▸ **REQUIRED ACTION**: Copy verbatim the block of lines in the entries below whose first line contains "Return one line" and whose last line contains "13. cardboard box (1673,278,1807,434)". Leave out all other lines.

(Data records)

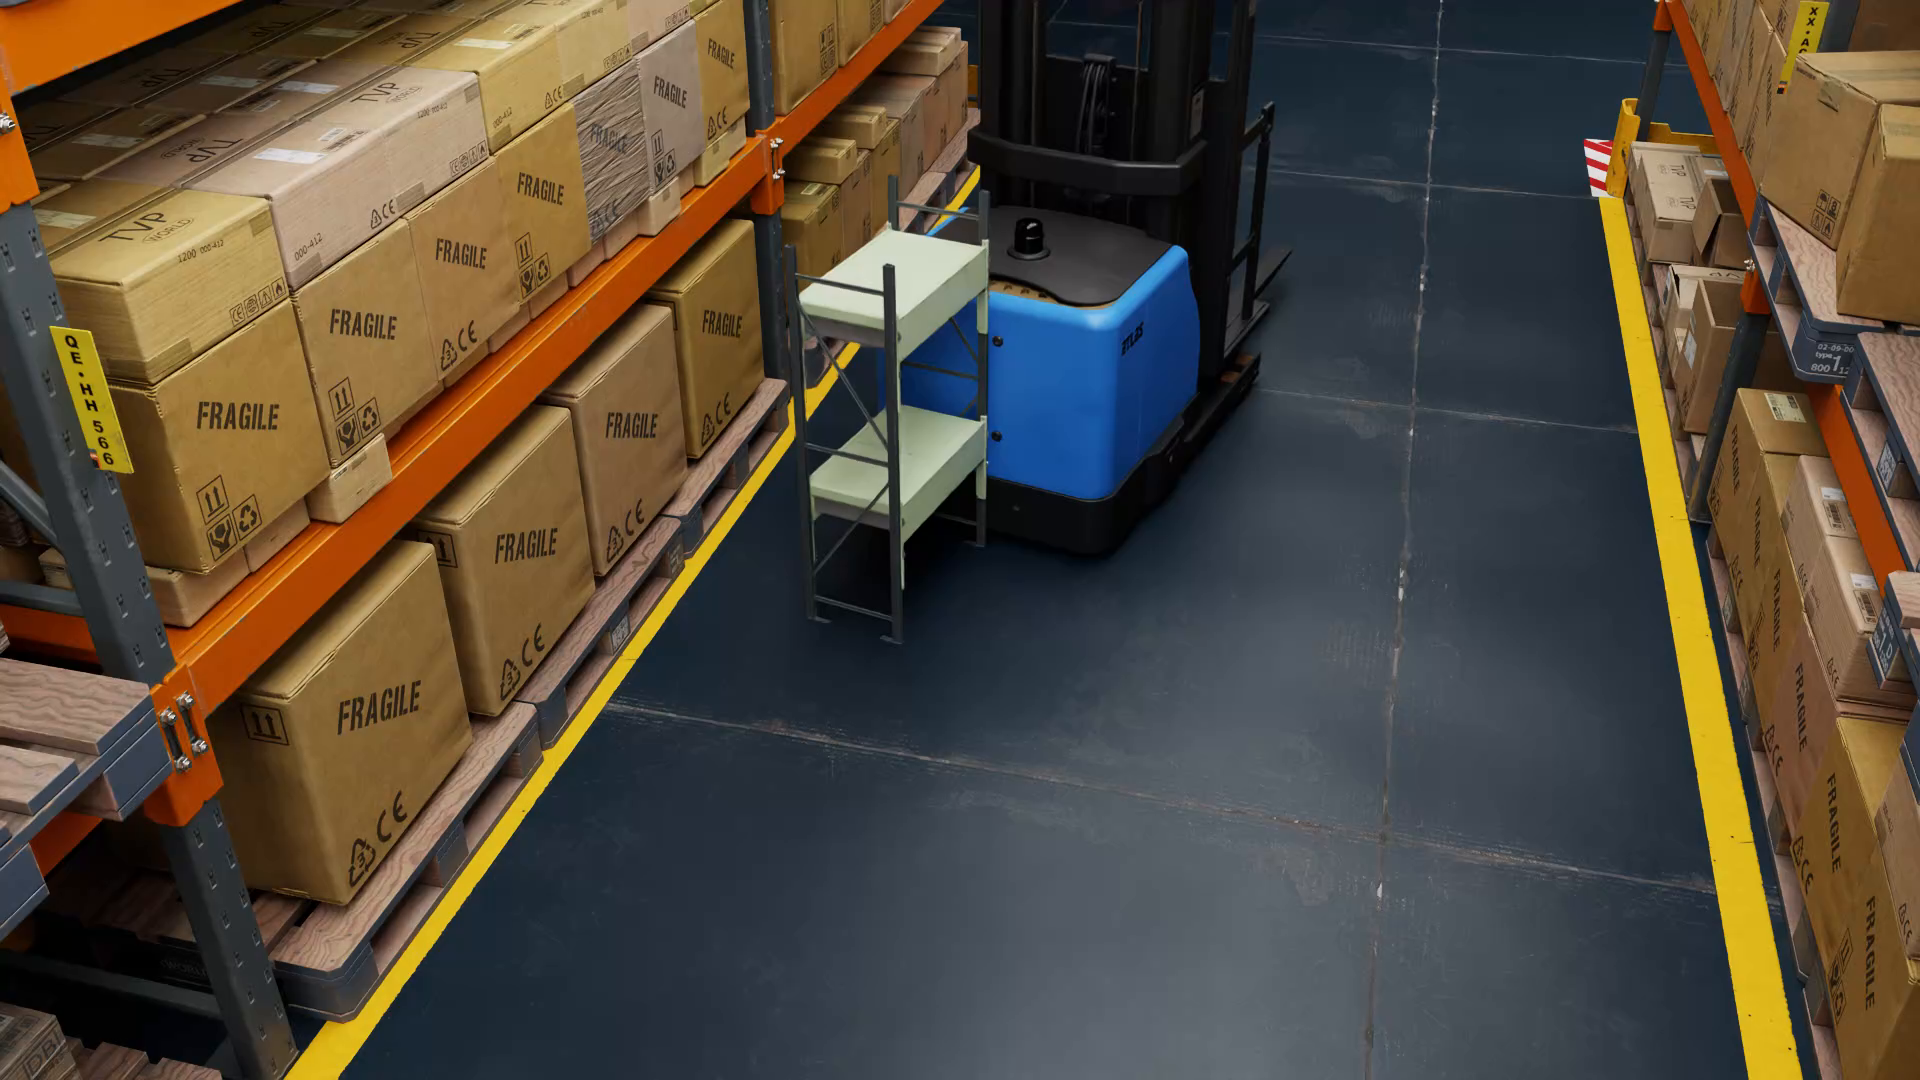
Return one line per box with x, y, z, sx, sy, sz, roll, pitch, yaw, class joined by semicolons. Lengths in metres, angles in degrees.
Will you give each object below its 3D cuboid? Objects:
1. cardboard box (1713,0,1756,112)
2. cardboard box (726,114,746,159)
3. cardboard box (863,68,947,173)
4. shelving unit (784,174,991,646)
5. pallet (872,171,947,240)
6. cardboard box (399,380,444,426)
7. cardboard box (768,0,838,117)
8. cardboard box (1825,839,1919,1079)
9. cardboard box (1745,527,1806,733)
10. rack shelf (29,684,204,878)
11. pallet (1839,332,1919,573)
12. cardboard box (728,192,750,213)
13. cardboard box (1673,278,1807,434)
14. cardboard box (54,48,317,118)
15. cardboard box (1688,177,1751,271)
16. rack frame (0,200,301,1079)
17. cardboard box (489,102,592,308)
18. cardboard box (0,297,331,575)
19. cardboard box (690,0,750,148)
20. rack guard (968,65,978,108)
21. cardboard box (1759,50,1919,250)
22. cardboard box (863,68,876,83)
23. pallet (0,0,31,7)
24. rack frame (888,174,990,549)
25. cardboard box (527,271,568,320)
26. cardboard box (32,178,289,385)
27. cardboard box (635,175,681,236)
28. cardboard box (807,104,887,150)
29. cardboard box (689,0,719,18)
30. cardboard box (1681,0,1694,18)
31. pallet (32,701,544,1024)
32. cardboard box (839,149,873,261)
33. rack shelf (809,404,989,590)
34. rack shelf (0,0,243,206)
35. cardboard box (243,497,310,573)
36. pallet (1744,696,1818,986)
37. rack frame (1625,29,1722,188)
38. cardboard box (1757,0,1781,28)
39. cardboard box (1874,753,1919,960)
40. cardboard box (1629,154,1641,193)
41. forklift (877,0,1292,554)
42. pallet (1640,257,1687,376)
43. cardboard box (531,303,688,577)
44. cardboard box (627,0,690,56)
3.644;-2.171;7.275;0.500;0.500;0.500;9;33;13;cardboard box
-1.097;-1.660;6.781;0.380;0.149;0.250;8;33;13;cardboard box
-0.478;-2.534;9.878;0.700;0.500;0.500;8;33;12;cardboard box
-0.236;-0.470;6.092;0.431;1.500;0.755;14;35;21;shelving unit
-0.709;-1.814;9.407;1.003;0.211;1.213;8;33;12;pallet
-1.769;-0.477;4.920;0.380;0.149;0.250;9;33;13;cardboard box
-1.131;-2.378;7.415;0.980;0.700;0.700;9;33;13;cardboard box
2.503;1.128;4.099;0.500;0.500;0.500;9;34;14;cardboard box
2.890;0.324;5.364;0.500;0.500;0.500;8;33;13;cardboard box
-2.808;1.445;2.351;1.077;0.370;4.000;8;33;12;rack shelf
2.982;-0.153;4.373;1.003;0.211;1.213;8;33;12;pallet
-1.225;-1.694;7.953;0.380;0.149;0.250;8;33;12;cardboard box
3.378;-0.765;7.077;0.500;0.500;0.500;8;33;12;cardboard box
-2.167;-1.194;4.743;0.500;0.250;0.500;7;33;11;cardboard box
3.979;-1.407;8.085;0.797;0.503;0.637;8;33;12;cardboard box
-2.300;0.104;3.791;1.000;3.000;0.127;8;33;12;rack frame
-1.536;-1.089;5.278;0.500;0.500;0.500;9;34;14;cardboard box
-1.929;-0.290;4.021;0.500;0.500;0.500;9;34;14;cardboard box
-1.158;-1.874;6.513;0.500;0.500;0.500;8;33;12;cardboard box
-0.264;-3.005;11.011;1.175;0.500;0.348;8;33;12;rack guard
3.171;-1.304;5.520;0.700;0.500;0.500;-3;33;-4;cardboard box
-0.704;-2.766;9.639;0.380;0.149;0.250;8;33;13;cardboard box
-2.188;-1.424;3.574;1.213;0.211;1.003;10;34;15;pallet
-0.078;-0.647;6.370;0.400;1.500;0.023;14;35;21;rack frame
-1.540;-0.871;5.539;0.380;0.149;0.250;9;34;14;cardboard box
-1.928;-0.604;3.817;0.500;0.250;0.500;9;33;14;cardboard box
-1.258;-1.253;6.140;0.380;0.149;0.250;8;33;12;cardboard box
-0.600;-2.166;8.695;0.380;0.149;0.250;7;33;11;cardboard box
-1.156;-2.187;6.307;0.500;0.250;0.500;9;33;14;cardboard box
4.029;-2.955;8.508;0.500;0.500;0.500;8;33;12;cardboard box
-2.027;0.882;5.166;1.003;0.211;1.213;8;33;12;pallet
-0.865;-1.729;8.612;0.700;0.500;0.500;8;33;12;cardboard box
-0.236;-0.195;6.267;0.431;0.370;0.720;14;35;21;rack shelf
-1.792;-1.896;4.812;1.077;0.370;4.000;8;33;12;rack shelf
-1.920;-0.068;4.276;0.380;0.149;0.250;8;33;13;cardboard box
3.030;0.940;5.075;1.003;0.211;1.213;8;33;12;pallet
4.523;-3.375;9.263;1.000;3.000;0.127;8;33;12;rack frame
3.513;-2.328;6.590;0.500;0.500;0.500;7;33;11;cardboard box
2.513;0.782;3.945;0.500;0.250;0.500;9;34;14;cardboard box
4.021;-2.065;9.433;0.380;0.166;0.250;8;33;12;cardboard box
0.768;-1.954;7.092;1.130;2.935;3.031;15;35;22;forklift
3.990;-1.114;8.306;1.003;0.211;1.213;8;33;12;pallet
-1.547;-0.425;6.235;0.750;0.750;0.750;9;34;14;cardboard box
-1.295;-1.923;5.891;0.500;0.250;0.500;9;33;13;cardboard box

...

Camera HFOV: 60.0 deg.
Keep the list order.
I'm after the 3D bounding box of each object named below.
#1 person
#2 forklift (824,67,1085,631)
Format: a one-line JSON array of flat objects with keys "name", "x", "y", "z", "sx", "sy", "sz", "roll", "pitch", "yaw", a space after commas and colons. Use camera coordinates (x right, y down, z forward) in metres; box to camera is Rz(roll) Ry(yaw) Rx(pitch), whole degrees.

* * *

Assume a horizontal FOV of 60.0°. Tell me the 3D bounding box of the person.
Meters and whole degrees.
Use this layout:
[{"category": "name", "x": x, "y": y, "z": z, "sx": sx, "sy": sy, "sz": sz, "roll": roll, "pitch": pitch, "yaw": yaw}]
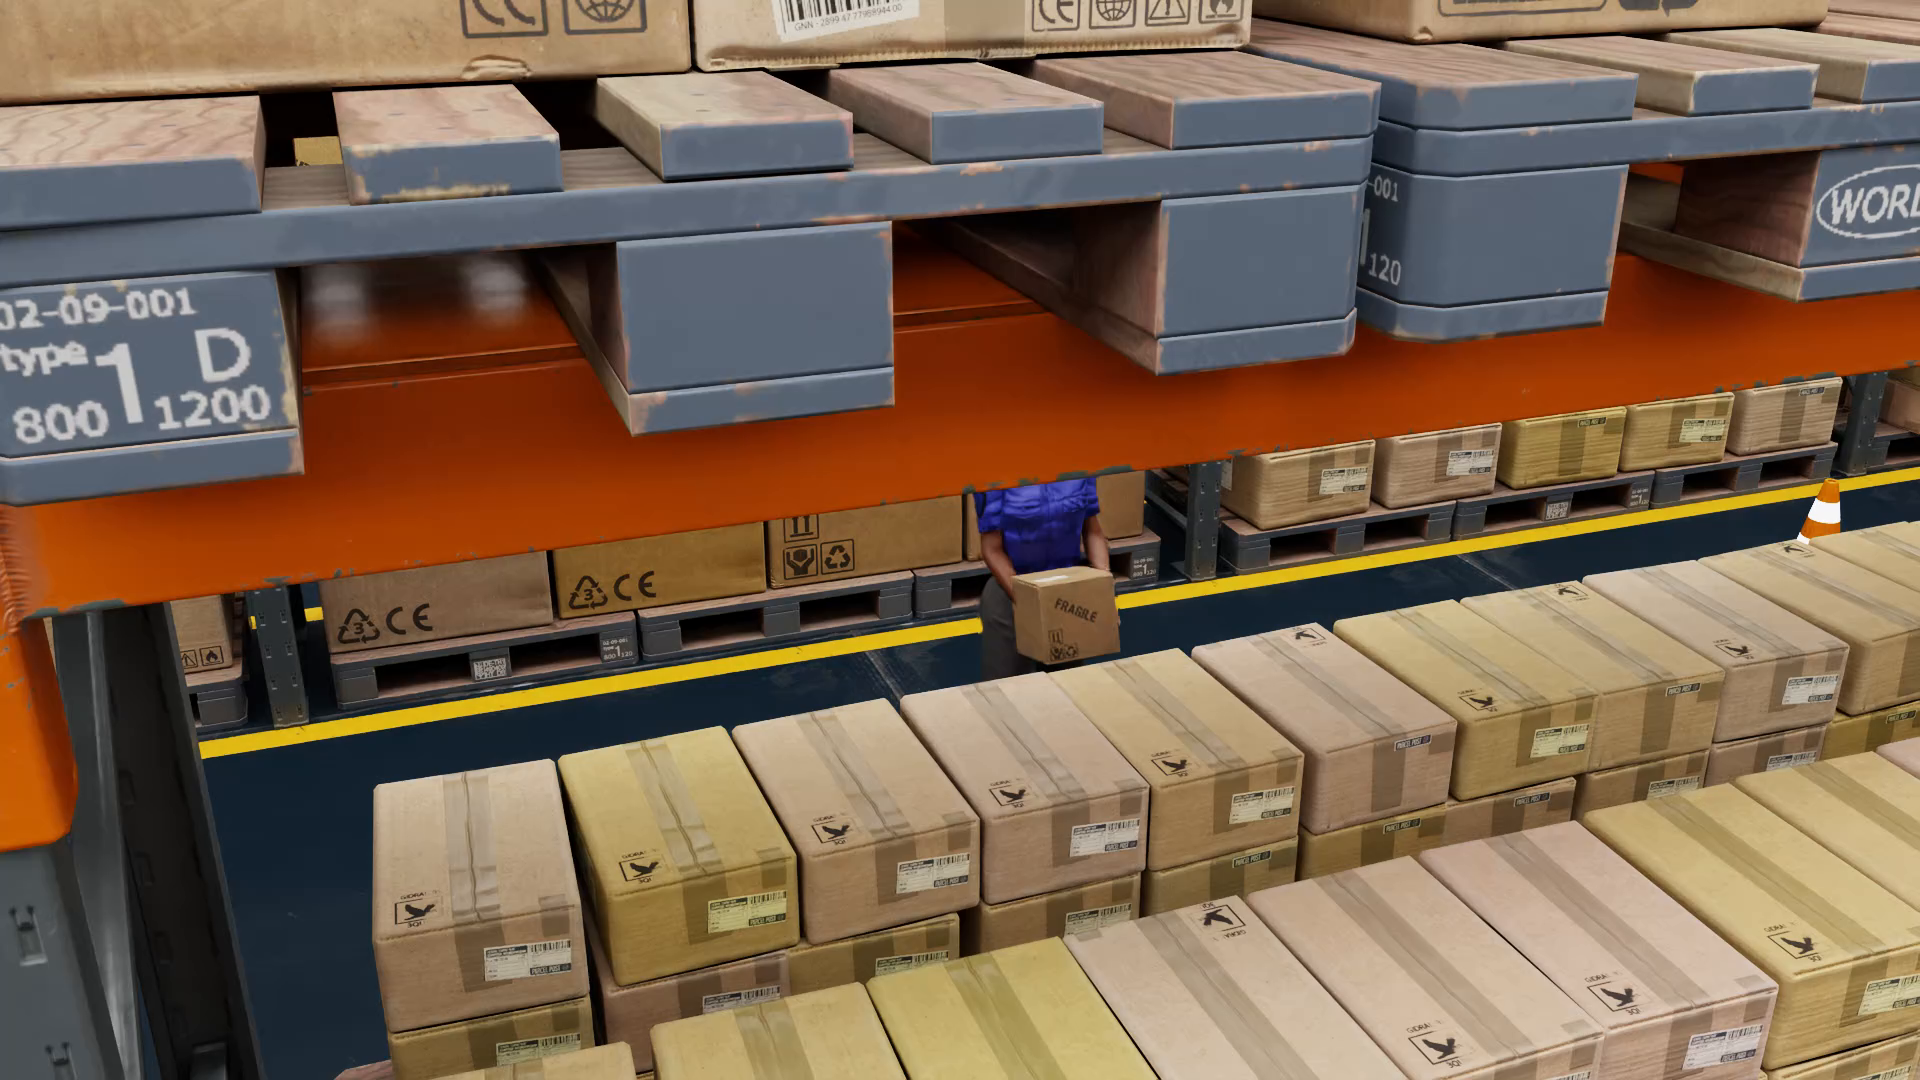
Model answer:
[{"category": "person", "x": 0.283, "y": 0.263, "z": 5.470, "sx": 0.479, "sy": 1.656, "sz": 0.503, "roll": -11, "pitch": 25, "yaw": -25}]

▸ **SOLUTION TO THE PROBLEM**:
Return one line per box with x, y, z, sx, sy, sz, roll, pitch, yaw, class joined by semicolons. Lengths in metres, angles in degrees.
Will you give each object below its 3D cuboid? Objects:
1. cardboard box (1713,0,1756,112)
2. cardboard box (726,114,746,159)
3. cardboard box (863,68,947,173)
4. shelving unit (784,174,991,646)
5. pallet (872,171,947,240)
6. cardboard box (399,380,444,426)
7. cardboard box (768,0,838,117)
8. cardboard box (1825,839,1919,1079)
9. cardboard box (1745,527,1806,733)
10. rack shelf (29,684,204,878)
11. pallet (1839,332,1919,573)
12. cardboard box (728,192,750,213)
13. cardboard box (1673,278,1807,434)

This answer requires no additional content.